目を閉じて、一心に願うデイジー。その時、背後から、誰かが歩いてくるのを感じます。
心臓の音が高まるデイジーは、思い切ってふりかえりました。自分に向かってあるいてくる男性をみて、デイジーは思います。美しいと形容するには、男らしすぎる。
背が高くてたくましい。平凡というには印象的。
彼女の記憶の中と大きく違う、この男性こそ、デイジーの花婿候補マシューでした。

 

 

 

さすが堅実ヒーロー。じっくり父親の信頼と勝ち取り長年の片思いを成就。

ストーリーは後半まで、じんわりと進んでいきます。激しくもなく、かといって冷たくもない。優しく降り続く春の雨は、二人のロマンスを象徴しています。
マシューは、長年デイジーを思い続けているのは序盤からバレバレです。
マシューのデイジー評価と、デイジー父の評価が、まったく両極端で笑えます。今時の言葉でいえば、父親からするとデイジーの頭はお花畑状態。

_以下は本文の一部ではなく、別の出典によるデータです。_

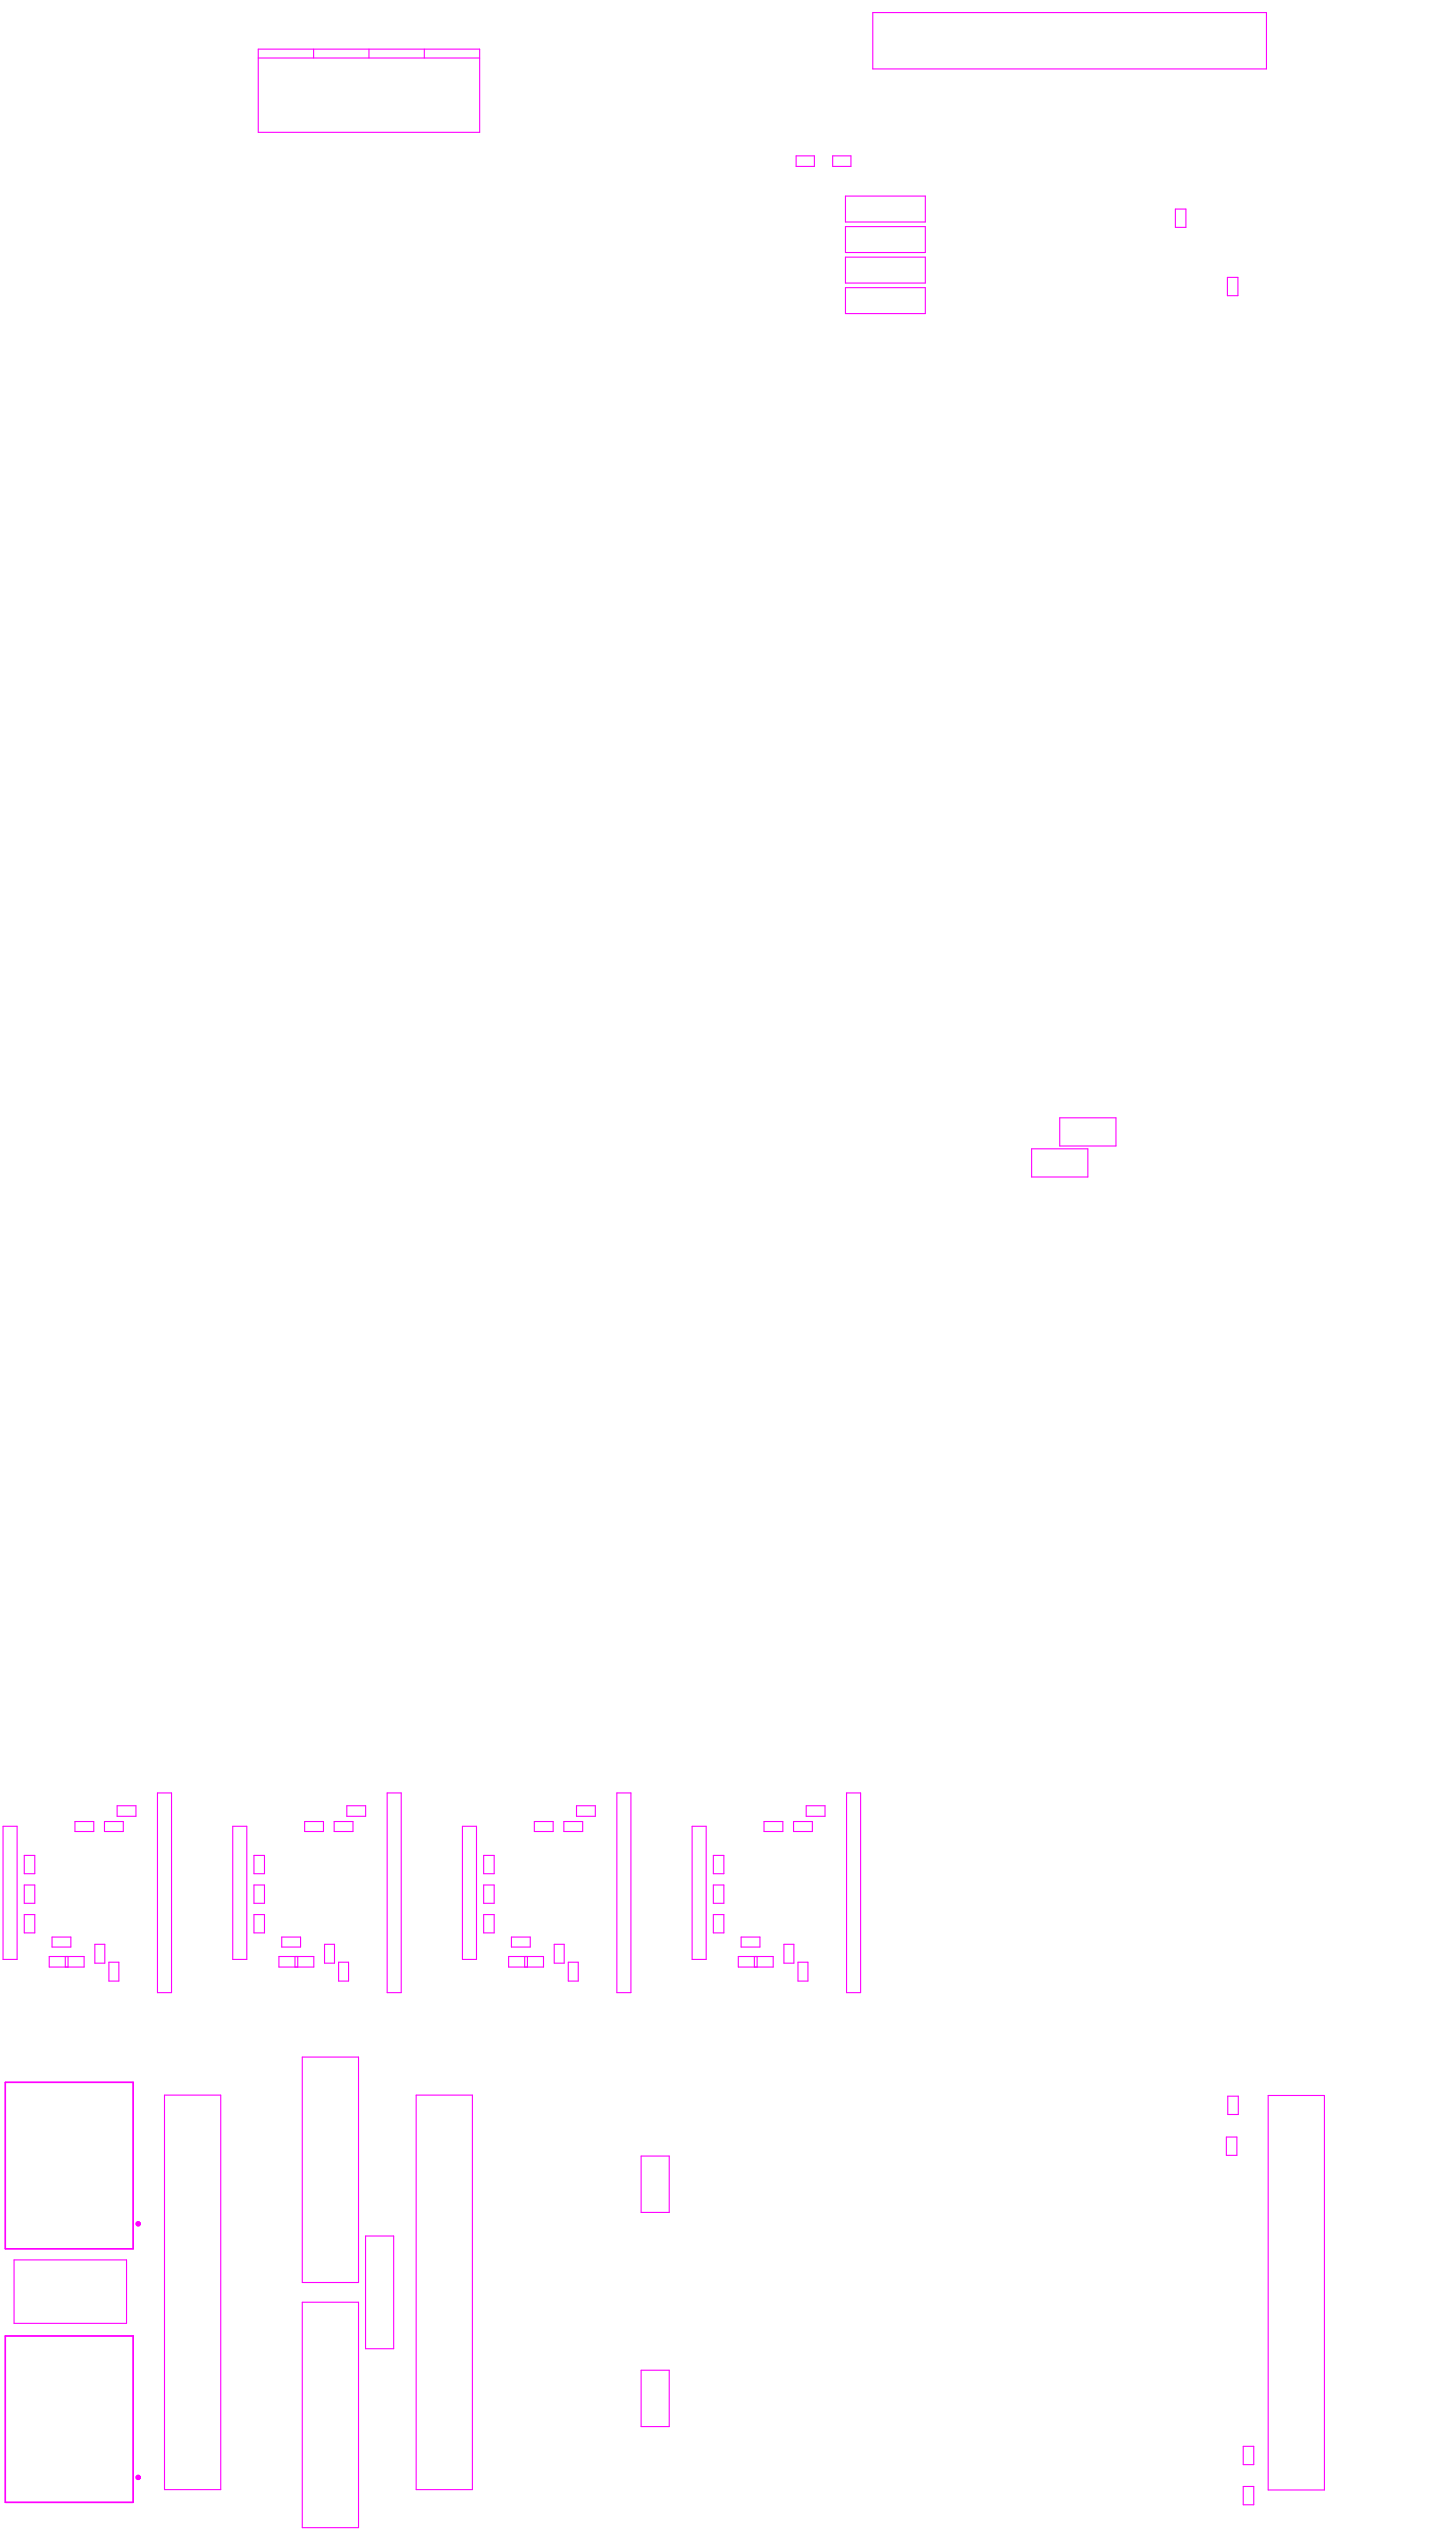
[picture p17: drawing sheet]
<svg xmlns="http://www.w3.org/2000/svg" width="429mm" height="761mm" viewBox="0 0 429 761" stroke-linecap="round" stroke-linejoin="round" font-family="sans-serif">
<g fill="none" stroke="#f0f" stroke-width=".33">
<path d="M77.5 14.7h66.4v25h-66.4zM77.5 17.4h66.4M94.1 14.7v2.7M110.7 14.7v2.7M127.3 14.7v2.7M261.8 3.8h118.1v16.9h-118.1zM238.8 46.8h5.5v3.1h-5.5zM249.8 46.8h5.5v3.1h-5.5zM253.6 58.8h24v7.8h-24zM253.6 68h24v7.7h-24zM253.6 77.1h24v7.8h-24zM352.6 62.7h3.2v5.5h-3.2z"/>
<path d="M253.6 86.3h24v7.8h-24zM368.2 83.2h3.2v5.5h-3.2zM317.9 335.3h16.9v8.5h-16.9zM309.5 344.6h16.8v8.5h-16.8zM47.2 537.8h4.3v59.9h-4.3zM116.1 537.8h4.3v59.9h-4.3zM185 537.8h4.3v59.9h-4.3zM254 537.8h4.2v59.9h-4.2zM.9 547.8h4.2v39.9h-4.2zM7.3 556.5h3.1v5.5h-3.1zM22.5 546.4h5.6v3h-5.6zM31.3 546.4h5.7v3h-5.7z"/>
<path d="M35.1 541.7h5.7v3.1h-5.7zM69.8 547.8h4.2v39.9h-4.2zM76.2 556.5h3.1v5.5h-3.1zM91.4 546.4h5.6v3h-5.6zM100.2 546.4h5.7v3h-5.7zM104 541.7h5.7v3.1h-5.7zM138.7 547.8h4.2v39.9h-4.2zM145.1 556.5h3.1v5.5h-3.1zM160.3 546.4h5.6v3h-5.6zM169.1 546.4h5.7v3h-5.7zM172.9 541.7h5.7v3.1h-5.7zM207.6 547.8h4.2v39.9h-4.2z"/>
<path d="M214 556.5h3.1v5.5h-3.1zM229.2 546.4h5.6v3h-5.6zM238.1 546.4h5.6v3h-5.6zM241.8 541.7h5.7v3.1h-5.7zM7.3 565.4h3.1v5.5h-3.1zM7.3 574.3h3.1v5.5h-3.1zM76.2 565.4h3.1v5.5h-3.1zM76.2 574.3h3.1v5.5h-3.1zM145.1 565.4h3.1v5.5h-3.1zM145.1 574.3h3.1v5.5h-3.1zM214 565.4h3.1v5.5h-3.1zM214 574.3h3.1v5.5h-3.1z"/>
<path d="M14.8 586.9h10.4v3.1h-10.4zM15.6 581h5.7v3h-5.7zM19.6 586.9v3.1M20.4 586.9v3.1M28.5 583.2h2.9v5.7h-2.9zM32.7 588.6h3v5.6h-3zM83.7 586.9h10.4v3.1h-10.4zM84.5 581h5.7v3h-5.7zM88.5 586.9v3.1M89.3 586.9v3.1M97.4 583.2h2.9v5.7h-2.9zM101.6 588.6h3v5.6h-3z"/>
<path d="M152.6 586.9h10.4v3.1h-10.4zM153.4 581h5.7v3h-5.7zM157.4 586.9v3.1M158.2 586.9v3.1M166.3 583.2h2.9v5.7h-2.9zM170.5 588.6h3v5.6h-3zM221.5 586.9h10.4v3.1h-10.4zM222.3 581h5.7v3h-5.7zM226.3 586.9v3.1M227.1 586.9v3.1M235.2 583.2h3v5.7h-3zM239.4 588.6h3v5.6h-3z"/>
<path d="M90.7 617h16.9v67.7h-16.9zM49.3 628.4h16.9v118.4h-16.9zM124.8 628.4h16.9v118.4h-16.9zM368.3 628.8h3.2v5.5h-3.2zM380.4 628.6h16.9v118.3h-16.9zM192.3 646.7h8.5v16.9h-8.5zM367.9 641h3.1v5.5h-3.1zM4.2 677.9h33.8v19h-33.8zM109.7 670.7h8.4v33.8h-8.4zM90.7 690.6h16.9v67.6h-16.9zM192.3 711h8.5v16.9h-8.5zM373 733.8h3.1v5.5h-3.1z"/>
<path d="M373 745.8h3.1v5.5h-3.1z"/>
</g>
<path d="M1.6 624.6h38.4v49.9h-38.4zM1.6 700.7h38.4v49.9h-38.4z" fill="none" stroke="#f0f" stroke-width=".42"/>
<g fill="none" stroke="#f0f" stroke-width=".8">
<circle cx="41.5" cy="667" r=".4"/>
<circle cx="41.5" cy="743.1" r=".4"/>
</g>
</svg>

マシューはそれが、可愛くて仕方ない!
後半、マシューの秘密が明らかになります。
 

 

 
「愛する彼のことならなんで知っておきたい」と、決して明るくない彼の過去にを受け入れる姿は、夢見る乙女からの卒業認定。←私が勝手に(笑)
むしろ、姉リリアンの妹離れできないところが、残念に感じます。リリアンは素敵で、リッチでマッチョな名門貴族のあの人とと結ばれてるのに・・・・
 

 

 
ここが見どころ!といった激しく一押しもありませんでしたが、それがこの作品の持ち味かな、と感じます。
春の雨の音を聞きながら、しっとりと彼の腕の中過ごすシーンはムード満点です。穏やかで満たされる、そんな気持ちが味わえますよ。